Als der kahlköpfige, dicke Musiker Robertson das Zimmer betrat, sah der Inspektor ihn eigentlich schon in Handschellen. Alles setzte sich allmählich zusammen – das Opfer, der Tatort, der Täter, ja, sogar das Motiv. Natürlich war es das verdammte Geld. So ein Triangelspieler verdient nicht viel. „Herr Inspektor“, sagte Robertson leise, fast traurig, „ich möchte Ihre Aufmerksamkeit auf die Einzelheiten lenken. Ich weiß, was Sie meinen zu wissen. Aber Sie haben Pech. Die Uraufführung von Glance sollte am nächsten Donnerstag stattfinden, also am 15., und heute haben wir den zehnten. Vorgestern war ich auf der Probe. Wollen Sie Zeugen?“

17. Kapitel

Merkwürdiges Beispiel politökonomischer Bildung aus dem Stadtbezirk Prenzlauer Berg in Berlin DDR: Aus einem offenen Fenster im 4. Stock mit gutem Blick auf das halbstündige Feuerwerk aus Anlaß des Nationalfeiertags der DDR am 7. Oktober ruft ein älterer Mann: Mutti, deine Rente!

Wenn man es sich recht überlegt, so kann nichts dazu verführen, einen anderen Rang zu bekleiden als den eines Generalleutnants. Einfach General: langweilig. Generalmajor unmöglich, schon wegen Major: Tiefschlaf. Obristen zeigen auf Parkplätze und freuen sich über die Anzahl der Leute, die da sind, in der Sternchefredaktion. Dagegen hat es noch nie einen fetten Generalleutnant gegeben. In dem Rang gibt es kein Fett.

Diener hat neue Vorhänge, die Speisekarte gibt bescheiden an. Zwiebelfisch ruhiger, gut gezapft, Schwabenwirt gutes Essen, Vorsicht vor dem Hund in der Motzstraße! Rosalinde o.k., wenn man auf Atmen verzichtet. Mario für Schaumbühnentouristen, Ciao Luftverbot, Sauna, sonst gut.
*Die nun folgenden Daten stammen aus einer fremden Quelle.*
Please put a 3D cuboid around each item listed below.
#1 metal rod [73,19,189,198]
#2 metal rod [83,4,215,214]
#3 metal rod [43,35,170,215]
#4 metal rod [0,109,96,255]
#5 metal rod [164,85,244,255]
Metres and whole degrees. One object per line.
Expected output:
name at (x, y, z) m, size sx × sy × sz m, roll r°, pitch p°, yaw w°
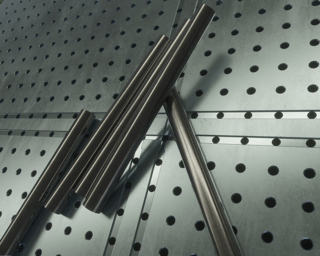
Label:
metal rod at (-0.028, -0.036, 0.443) m, size 0.025 × 0.025 × 0.300 m, roll 21°, pitch 72°, yaw 35°
metal rod at (-0.012, -0.028, 0.402) m, size 0.025 × 0.025 × 0.299 m, roll 27°, pitch 85°, yaw 37°
metal rod at (-0.068, -0.014, 0.450) m, size 0.025 × 0.025 × 0.300 m, roll 22°, pitch 73°, yaw 35°
metal rod at (-0.176, 0.105, 0.434) m, size 0.025 × 0.025 × 0.300 m, roll 16°, pitch 70°, yaw 34°
metal rod at (0.045, 0.055, 0.350) m, size 0.025 × 0.025 × 0.299 m, roll -26°, pitch 53°, yaw 11°
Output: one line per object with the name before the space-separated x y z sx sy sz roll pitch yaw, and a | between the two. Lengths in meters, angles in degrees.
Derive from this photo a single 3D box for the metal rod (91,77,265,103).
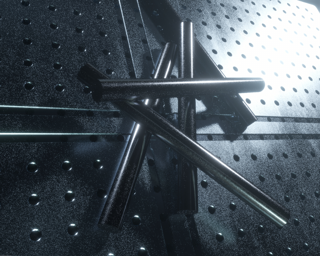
metal rod | 0.049 -0.056 0.421 0.302 0.025 0.025 -8 66 -40

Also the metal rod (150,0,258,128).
metal rod | 0.063 -0.128 0.522 0.025 0.025 0.299 -25 76 -37

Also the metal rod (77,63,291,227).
metal rod | 0.028 0.020 0.375 0.301 0.025 0.025 36 51 0

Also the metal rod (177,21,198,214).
metal rod | 0.038 -0.033 0.436 0.025 0.025 0.299 14 60 -21

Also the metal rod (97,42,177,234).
metal rod | -0.017 -0.012 0.407 0.025 0.025 0.300 26 52 -12
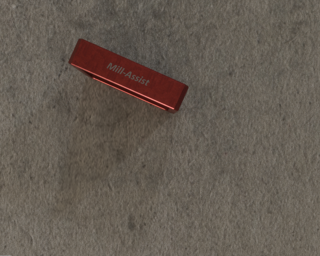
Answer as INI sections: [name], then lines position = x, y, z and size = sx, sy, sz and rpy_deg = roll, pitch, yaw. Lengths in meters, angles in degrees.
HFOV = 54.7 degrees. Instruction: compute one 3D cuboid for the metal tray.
[metal tray]
position = -0.034, -0.058, 0.377
size = 0.131, 0.090, 0.030
rpy_deg = 24, 90, -1
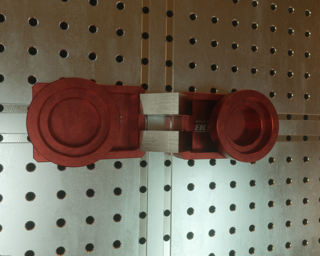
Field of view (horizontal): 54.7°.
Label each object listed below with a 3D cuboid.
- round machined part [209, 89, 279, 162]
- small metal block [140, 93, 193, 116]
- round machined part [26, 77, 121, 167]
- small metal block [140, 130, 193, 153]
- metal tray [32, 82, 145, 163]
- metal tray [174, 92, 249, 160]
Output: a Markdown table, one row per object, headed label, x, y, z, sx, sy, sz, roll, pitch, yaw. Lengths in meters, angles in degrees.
| label | x | y | z | sx | sy | sz | roll | pitch | yaw |
| --- | --- | --- | --- | --- | --- | --- | --- | --- | --- |
| round machined part | 0.112 | -0.003 | 0.431 | 0.099 | 0.042 | 0.097 | 0 | 90 | -20 |
| small metal block | 0.009 | -0.028 | 0.387 | 0.050 | 0.050 | 0.025 | 1 | 90 | 24 |
| round machined part | -0.098 | -0.006 | 0.354 | 0.099 | 0.042 | 0.097 | 0 | 90 | -20 |
| small metal block | 0.009 | 0.016 | 0.387 | 0.050 | 0.050 | 0.025 | 1 | 90 | 24 |
| metal tray | -0.085 | -0.007 | 0.380 | 0.131 | 0.030 | 0.089 | -1 | 92 | -20 |
| metal tray | 0.086 | -0.002 | 0.442 | 0.131 | 0.030 | 0.089 | 1 | 90 | -20 |
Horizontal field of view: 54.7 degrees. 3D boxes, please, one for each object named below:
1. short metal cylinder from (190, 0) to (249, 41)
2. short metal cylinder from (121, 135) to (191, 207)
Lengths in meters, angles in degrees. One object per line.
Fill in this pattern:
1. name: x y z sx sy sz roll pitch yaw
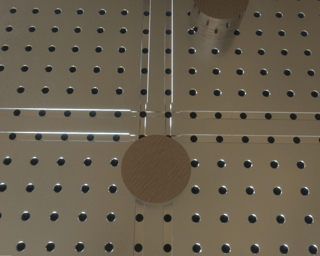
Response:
1. short metal cylinder: 0.087 -0.180 0.465 0.081 0.050 0.080 0 70 0
2. short metal cylinder: -0.004 0.054 0.379 0.081 0.050 0.080 0 70 0
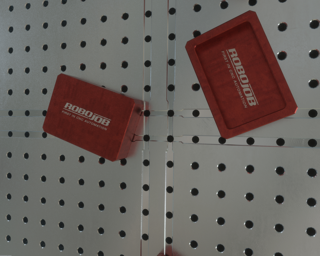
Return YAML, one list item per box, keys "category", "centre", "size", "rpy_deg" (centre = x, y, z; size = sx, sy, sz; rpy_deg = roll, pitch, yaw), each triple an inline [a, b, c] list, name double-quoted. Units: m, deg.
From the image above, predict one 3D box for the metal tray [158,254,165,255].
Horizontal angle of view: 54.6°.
- category: "metal tray"
  centre: [0.027, 0.240, 0.400]
  size: [0.130, 0.030, 0.090]
  rpy_deg: [32, 100, 17]

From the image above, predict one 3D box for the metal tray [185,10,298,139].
- category: "metal tray"
  centre: [0.096, -0.062, 0.375]
  size: [0.090, 0.030, 0.130]
  rpy_deg: [-23, 82, 18]

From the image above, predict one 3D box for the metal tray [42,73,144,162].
- category: "metal tray"
  centre: [-0.098, -0.017, 0.445]
  size: [0.130, 0.030, 0.090]
  rpy_deg: [21, 97, 18]
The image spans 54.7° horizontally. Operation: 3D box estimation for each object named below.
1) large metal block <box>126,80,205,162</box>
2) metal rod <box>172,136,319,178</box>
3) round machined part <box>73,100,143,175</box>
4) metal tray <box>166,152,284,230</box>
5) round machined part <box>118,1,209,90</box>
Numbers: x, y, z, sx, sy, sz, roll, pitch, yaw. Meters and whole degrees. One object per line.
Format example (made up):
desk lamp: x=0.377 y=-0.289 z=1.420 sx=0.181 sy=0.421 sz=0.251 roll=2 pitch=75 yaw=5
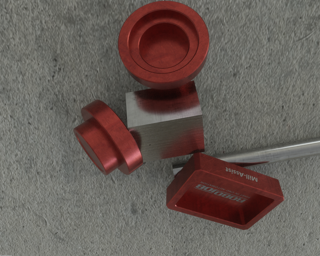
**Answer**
large metal block: x=0.008 y=-0.005 z=0.375 sx=0.080 sy=0.050 sz=0.080 roll=-10 pitch=145 yaw=3
metal rod: x=0.167 y=0.033 z=0.424 sx=0.302 sy=0.025 sz=0.025 roll=-10 pitch=110 yaw=3
round machined part: x=-0.067 y=0.018 z=0.373 sx=0.042 sy=0.098 sz=0.098 roll=-36 pitch=110 yaw=-20
metal tray: x=0.085 y=0.089 z=0.417 sx=0.131 sy=0.030 sz=0.089 roll=20 pitch=129 yaw=-15
round machined part: x=0.005 y=-0.090 z=0.352 sx=0.099 sy=0.042 sz=0.098 roll=-1 pitch=77 yaw=5
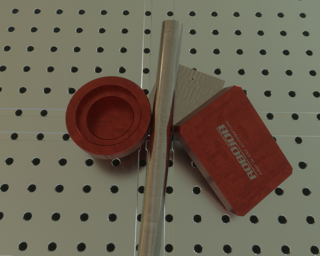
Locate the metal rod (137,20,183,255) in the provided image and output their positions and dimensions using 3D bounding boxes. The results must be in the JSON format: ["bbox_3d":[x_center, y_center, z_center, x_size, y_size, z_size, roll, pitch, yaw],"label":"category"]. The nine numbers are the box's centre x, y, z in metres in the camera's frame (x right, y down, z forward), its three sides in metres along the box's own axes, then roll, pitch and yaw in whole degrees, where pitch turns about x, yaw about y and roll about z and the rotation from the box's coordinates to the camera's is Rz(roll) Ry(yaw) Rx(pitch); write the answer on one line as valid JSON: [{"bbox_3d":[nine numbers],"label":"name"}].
[{"bbox_3d":[-0.001,0.025,0.356,0.025,0.025,0.298,6,86,2],"label":"metal rod"}]

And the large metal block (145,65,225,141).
[{"bbox_3d":[0.030,-0.031,0.407,0.080,0.050,0.080,22,71,7],"label":"large metal block"}]

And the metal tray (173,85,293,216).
[{"bbox_3d":[0.088,0.027,0.369,0.090,0.030,0.130,-37,99,-12],"label":"metal tray"}]

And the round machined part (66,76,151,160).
[{"bbox_3d":[-0.058,-0.009,0.373,0.099,0.042,0.098,-1,71,3],"label":"round machined part"}]

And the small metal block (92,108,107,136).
[{"bbox_3d":[-0.073,-0.011,0.412,0.050,0.025,0.050,-21,72,-8],"label":"small metal block"}]
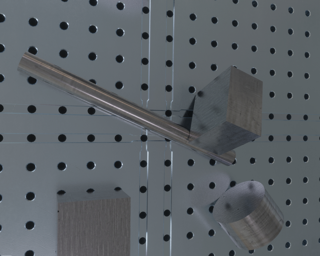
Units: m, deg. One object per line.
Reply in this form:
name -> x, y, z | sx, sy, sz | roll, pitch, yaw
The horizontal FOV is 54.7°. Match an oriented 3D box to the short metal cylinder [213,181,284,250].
short metal cylinder -> 0.121, 0.119, 0.428 | 0.080, 0.080, 0.050 | -40, 103, -15

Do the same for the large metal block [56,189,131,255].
large metal block -> -0.081, 0.120, 0.370 | 0.081, 0.050, 0.080 | 0, 90, -20

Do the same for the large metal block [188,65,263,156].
large metal block -> 0.084, -0.020, 0.401 | 0.050, 0.080, 0.080 | 22, 60, -19

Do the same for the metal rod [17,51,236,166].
metal rod -> -0.028, -0.017, 0.402 | 0.302, 0.025, 0.025 | 25, 82, -19
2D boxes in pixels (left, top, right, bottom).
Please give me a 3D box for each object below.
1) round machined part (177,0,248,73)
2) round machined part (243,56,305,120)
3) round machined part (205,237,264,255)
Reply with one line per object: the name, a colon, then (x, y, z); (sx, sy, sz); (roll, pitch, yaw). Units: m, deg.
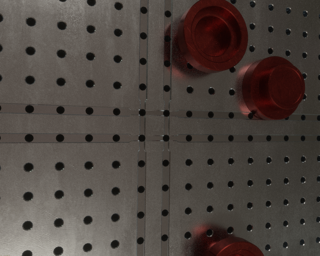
round machined part: (0.069, -0.125, 0.430); (0.099, 0.042, 0.097); (0, 90, -21)
round machined part: (0.179, -0.061, 0.472); (0.099, 0.042, 0.097); (0, 90, -21)
round machined part: (0.100, 0.204, 0.443); (0.099, 0.042, 0.097); (0, 90, -21)
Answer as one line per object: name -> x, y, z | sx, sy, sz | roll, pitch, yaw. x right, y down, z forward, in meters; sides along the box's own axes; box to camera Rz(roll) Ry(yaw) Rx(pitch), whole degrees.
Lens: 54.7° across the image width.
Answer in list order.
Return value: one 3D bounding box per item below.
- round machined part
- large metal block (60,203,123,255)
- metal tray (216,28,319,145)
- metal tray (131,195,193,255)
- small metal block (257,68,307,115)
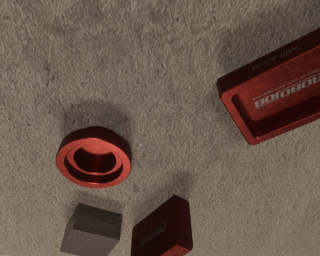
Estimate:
round machined part -> -0.087, 0.036, 0.426 | 0.099, 0.042, 0.097 | -1, 130, 0
large metal block -> -0.121, 0.185, 0.547 | 0.080, 0.050, 0.079 | 20, 127, -17
metal tray -> 0.140, -0.041, 0.338 | 0.130, 0.030, 0.090 | -26, 126, 20
metal tray -> -0.001, 0.184, 0.521 | 0.030, 0.090, 0.129 | 30, 124, -23
small metal block -> 0.144, -0.045, 0.371 | 0.050, 0.025, 0.050 | -17, 129, 13
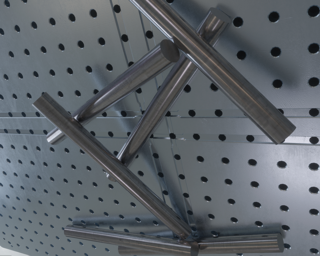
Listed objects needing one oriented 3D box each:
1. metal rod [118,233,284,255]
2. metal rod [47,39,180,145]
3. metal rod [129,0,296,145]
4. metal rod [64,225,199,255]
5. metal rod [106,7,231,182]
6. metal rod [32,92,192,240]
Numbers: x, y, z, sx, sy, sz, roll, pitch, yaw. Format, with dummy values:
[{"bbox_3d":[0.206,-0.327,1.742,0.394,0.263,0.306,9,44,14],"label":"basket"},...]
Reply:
[{"bbox_3d":[0.046,0.193,0.506,0.300,0.025,0.025,-18,109,35],"label":"metal rod"},{"bbox_3d":[-0.083,-0.029,0.408,0.299,0.025,0.025,-26,104,46],"label":"metal rod"},{"bbox_3d":[0.016,-0.100,0.312,0.300,0.025,0.025,46,130,7],"label":"metal rod"},{"bbox_3d":[-0.068,0.199,0.556,0.300,0.025,0.025,-7,115,36],"label":"metal rod"},{"bbox_3d":[-0.007,-0.019,0.403,0.025,0.025,0.298,38,129,3],"label":"metal rod"},{"bbox_3d":[-0.059,0.064,0.449,0.025,0.025,0.300,-30,112,38],"label":"metal rod"}]
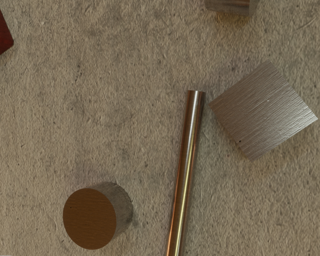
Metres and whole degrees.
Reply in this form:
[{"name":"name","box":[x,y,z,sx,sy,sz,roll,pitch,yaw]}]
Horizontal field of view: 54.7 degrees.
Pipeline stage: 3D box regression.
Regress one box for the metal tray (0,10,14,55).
[{"name":"metal tray","box":[-0.307,-0.174,0.514,0.090,0.030,0.130,-28,81,17]}]

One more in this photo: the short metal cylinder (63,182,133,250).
[{"name":"short metal cylinder","box":[-0.084,0.118,0.425,0.080,0.050,0.079,0,90,20]}]

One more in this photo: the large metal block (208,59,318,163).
[{"name":"large metal block","box":[0.116,-0.018,0.355,0.080,0.050,0.080,-38,78,16]}]

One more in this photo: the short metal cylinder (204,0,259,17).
[{"name":"short metal cylinder","box":[0.087,-0.170,0.349,0.050,0.080,0.080,17,96,19]}]

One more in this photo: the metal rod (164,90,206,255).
[{"name":"metal rod","box":[0.027,0.102,0.399,0.025,0.025,0.298,8,93,20]}]
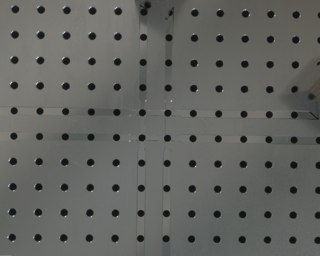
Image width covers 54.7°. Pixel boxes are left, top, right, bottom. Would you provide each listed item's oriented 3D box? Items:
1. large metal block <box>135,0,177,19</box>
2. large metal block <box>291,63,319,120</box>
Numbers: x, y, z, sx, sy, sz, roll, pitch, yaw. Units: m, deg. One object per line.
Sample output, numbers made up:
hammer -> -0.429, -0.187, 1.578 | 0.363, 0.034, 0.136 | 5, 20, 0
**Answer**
large metal block -> 0.006, -0.196, 0.386 | 0.050, 0.080, 0.080 | 27, 90, -1
large metal block -> 0.238, -0.050, 0.404 | 0.080, 0.050, 0.080 | 42, 90, -1
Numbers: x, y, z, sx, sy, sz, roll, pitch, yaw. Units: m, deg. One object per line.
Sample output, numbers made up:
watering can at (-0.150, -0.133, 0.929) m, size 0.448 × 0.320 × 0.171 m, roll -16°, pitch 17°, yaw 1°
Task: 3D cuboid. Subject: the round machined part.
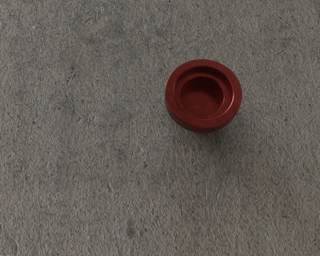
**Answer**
round machined part at (0.055, -0.039, 0.414) m, size 0.099 × 0.042 × 0.098 m, roll 0°, pitch 70°, yaw 0°
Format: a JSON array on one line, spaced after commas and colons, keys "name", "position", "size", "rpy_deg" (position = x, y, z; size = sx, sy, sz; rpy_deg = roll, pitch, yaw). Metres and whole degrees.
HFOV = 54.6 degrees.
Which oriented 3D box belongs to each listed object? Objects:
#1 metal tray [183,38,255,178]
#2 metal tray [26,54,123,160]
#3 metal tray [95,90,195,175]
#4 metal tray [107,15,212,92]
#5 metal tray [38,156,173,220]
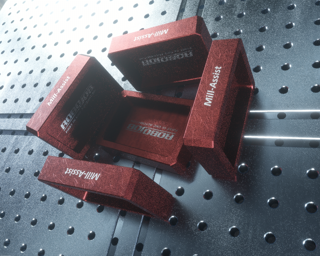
[{"name": "metal tray", "position": [0.071, -0.021, 0.342], "size": [0.030, 0.090, 0.130], "rpy_deg": [5, 64, 30]}, {"name": "metal tray", "position": [-0.115, -0.028, 0.446], "size": [0.030, 0.090, 0.130], "rpy_deg": [20, 72, 36]}, {"name": "metal tray", "position": [-0.014, 0.001, 0.412], "size": [0.130, 0.030, 0.090], "rpy_deg": [12, 68, 33]}, {"name": "metal tray", "position": [0.007, -0.094, 0.421], "size": [0.130, 0.090, 0.030], "rpy_deg": [-6, 59, 25]}, {"name": "metal tray", "position": [-0.062, 0.069, 0.358], "size": [0.130, 0.090, 0.030], "rpy_deg": [4, 64, 30]}]
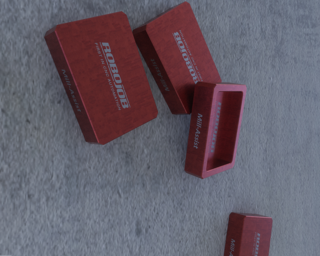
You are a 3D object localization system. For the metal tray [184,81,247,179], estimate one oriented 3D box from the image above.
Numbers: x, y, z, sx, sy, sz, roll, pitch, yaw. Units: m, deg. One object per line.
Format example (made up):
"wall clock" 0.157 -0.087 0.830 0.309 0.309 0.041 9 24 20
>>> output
"metal tray" 0.081 0.000 0.445 0.091 0.030 0.129 -8 108 -48

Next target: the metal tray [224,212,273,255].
"metal tray" 0.150 0.215 0.531 0.091 0.030 0.129 17 79 -39

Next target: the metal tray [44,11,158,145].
"metal tray" -0.061 -0.057 0.352 0.091 0.030 0.129 -29 109 -36

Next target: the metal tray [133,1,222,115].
"metal tray" 0.029 -0.094 0.427 0.090 0.030 0.130 -42 116 -32
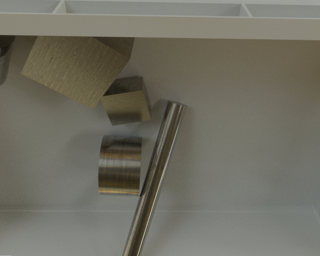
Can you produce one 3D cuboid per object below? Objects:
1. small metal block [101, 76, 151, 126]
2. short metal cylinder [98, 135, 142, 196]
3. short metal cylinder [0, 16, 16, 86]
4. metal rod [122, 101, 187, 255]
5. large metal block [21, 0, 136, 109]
[{"bbox_3d":[-0.040,-0.032,0.377,0.050,0.025,0.050,-8,137,6],"label":"small metal block"},{"bbox_3d":[-0.051,0.050,0.415,0.050,0.080,0.079,3,130,-3],"label":"short metal cylinder"},{"bbox_3d":[-0.189,-0.080,0.302,0.080,0.080,0.050,20,127,-17],"label":"short metal cylinder"},{"bbox_3d":[-0.019,0.109,0.415,0.025,0.025,0.298,14,102,-12],"label":"metal rod"},{"bbox_3d":[-0.083,-0.078,0.320,0.080,0.050,0.080,28,130,-22],"label":"large metal block"}]

Der Taxifahrer Richard O. aus Lichtenberg, Berlin DDR, als vor ihm an der Kreuzung ein Wagen mit dem Schweizer Kennzeichen bei Grün nicht anfuhr: Fahr los, Tell, der Appel is grün!

18. Kapitel

Böse sieht es mit dem hiesigen Steinkohlebergbau aus. Im Jahre 1987 kostete unseren durch Rüstungsausgaben ohnehin ausgepowerten Staat die unsinnige Erhaltung der Arbeitsplätze in diesem maroden Wirtschaftszweig nicht weniger als 10,3 Milliarden DM. Doch glücklicherweise wird sich unser Staat von dieser Bürde befreien. Schließlich ist er kein Maulesel für x-beliebige Kumpels. Der Anblick von 30.000 rußigen Kumpels auf den Straßen des Ruhrgebiets wird dem reingewaschenen, sauberkeitsbedürftigen hiesigen Bürger erspart bleiben. Denn unser gütiger Bundeswirtschaftsminister schlug, um uns Verbraucher, die wir ohnehin immerfort belastet werden, zu entlasten, eine Entlastung durch den Abbau der gemeingefährlichen Subventionen des Steinkohlebergbaus und der Arbeitsplätze von 30.000 Kumpels vor, die den Staat sage und schreibe 63.000 DM pro Kopf kosteten.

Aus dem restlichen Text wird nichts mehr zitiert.